И вот я увидел этот дом: planta baja, гостиную с панелями, за которыми скрывались ржавые трубы отопления, столовую без окон, где дверь на террасу была единственным источником света, и кабинет с дубовым столом, ножки которого были изгрызены неведомым животным.
Дом был совершенно задушен коврами, набитыми пылью, как тополиные коробочки пыльцой, и если знание — это моль, то они были свирепо проедены безмолвным знанием во многих местах. Один из ковров лежал даже на рояле, будто скомканный плащ на руке фехтовальщика, свисая до полу двумя бахромчатыми полами. Я обрадовался, когда увидел инструмент в гостиной, хотя играть не умею, разве что мелодию из «Римских каникул» могу подобрать. Просто есть несколько вещей, которые я всегда рад обнаружить в незнакомом доме: вьющиеся растения, старые зеркала в пятнах отошедшей амальгамы, стопки книг на полу, запах трубочного табака и большие, вальяжные музыкальные инструменты.
В мае тюрьму перестали топить, полагая, что началась весна. Наверное, от того, что ночью резко похолодало, мне приснился двойной сон, прежде не виденный: я открыл дверь в свою спальню (успел еще обрадоваться, что вернулся домой), а оттуда хлынул поток холодной воды, да что там поток, целая горная река, полная острых ледяных осколков, один такой осколок отрезал мне ногу по колено, я даже вскрикнуть не успел, увидел только, как она мелькнула в шуге, среди уносящихся вниз по лестнице скорых струй, поднялась и снова нырнула, будто зимняя утка в полынью. Во сне на моей ноге был зеленый шерстяной носок, я пожалел о нем и проснулся, стуча зубами от холода.

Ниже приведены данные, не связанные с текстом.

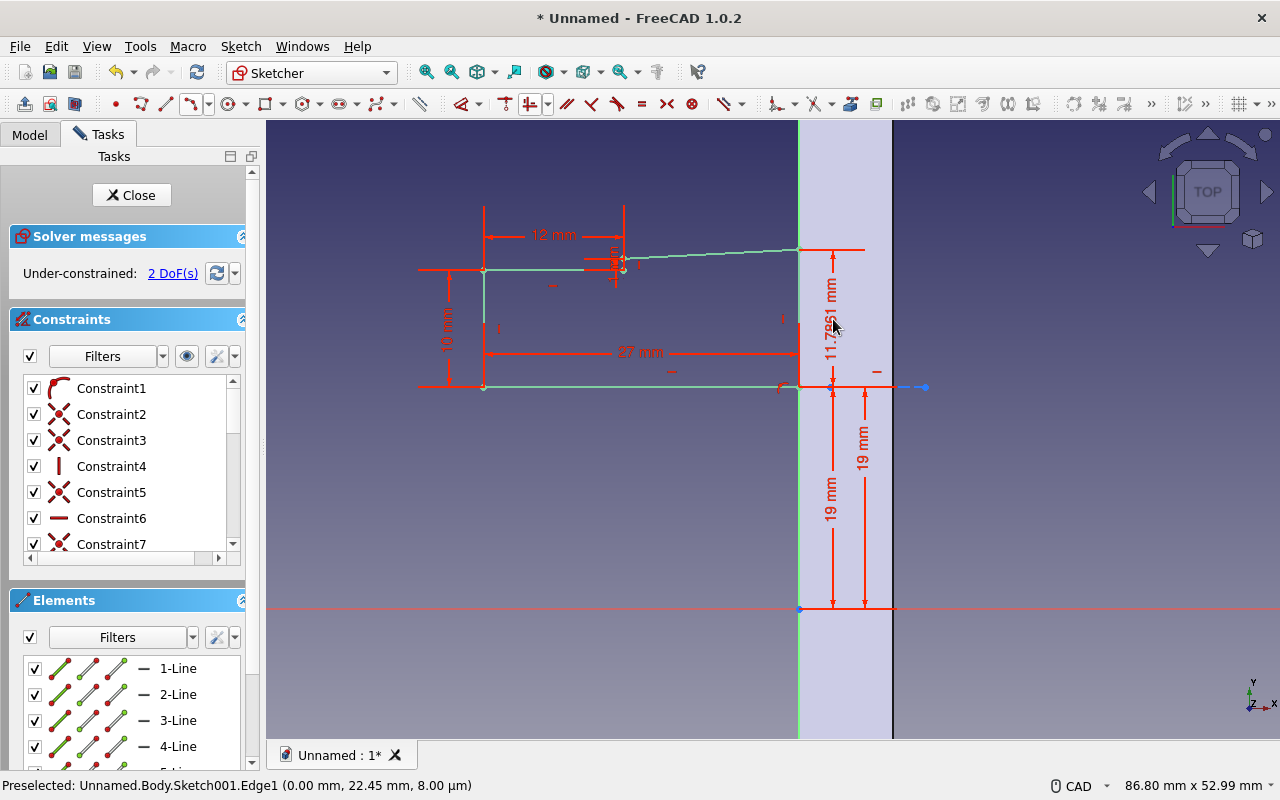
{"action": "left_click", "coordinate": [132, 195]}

Потом я снова заснул и увидел дубовый буфет в Друскениках, в доме двоюродного деда. За этим буфетом стояла моя кровать, я считал его своим и знал все содержимое наизусть: катушки суровых ниток, две балерины из мыльного камня, подставки для яиц и плоские рулоны яблоневых бинтов. Во сне я был подставкой для яиц. Во мне стояло яйцо тупым концом вверх. Оно было теплое, только что вынутое из-под куриной гузки, и я страстно ждал едока.
На соседней полке буфета лежал свежий хлеб с отпечатками дубовых листьев на корке, а рядом — помидоры и досуха отжатый сыр в марлевой косынке. Мы все готовы, думал я, осталось только дождаться едока. Я даже знал, что он делает там, во дворе: вставляет зубья в грабли или чинит сачок, порванный крупной щукой, я знал, как его зовут, но во сне не смог выговорить имя. Проснувшись, я сел на своей скамье, спустил ноги на холодный пол и понял, что счастлив.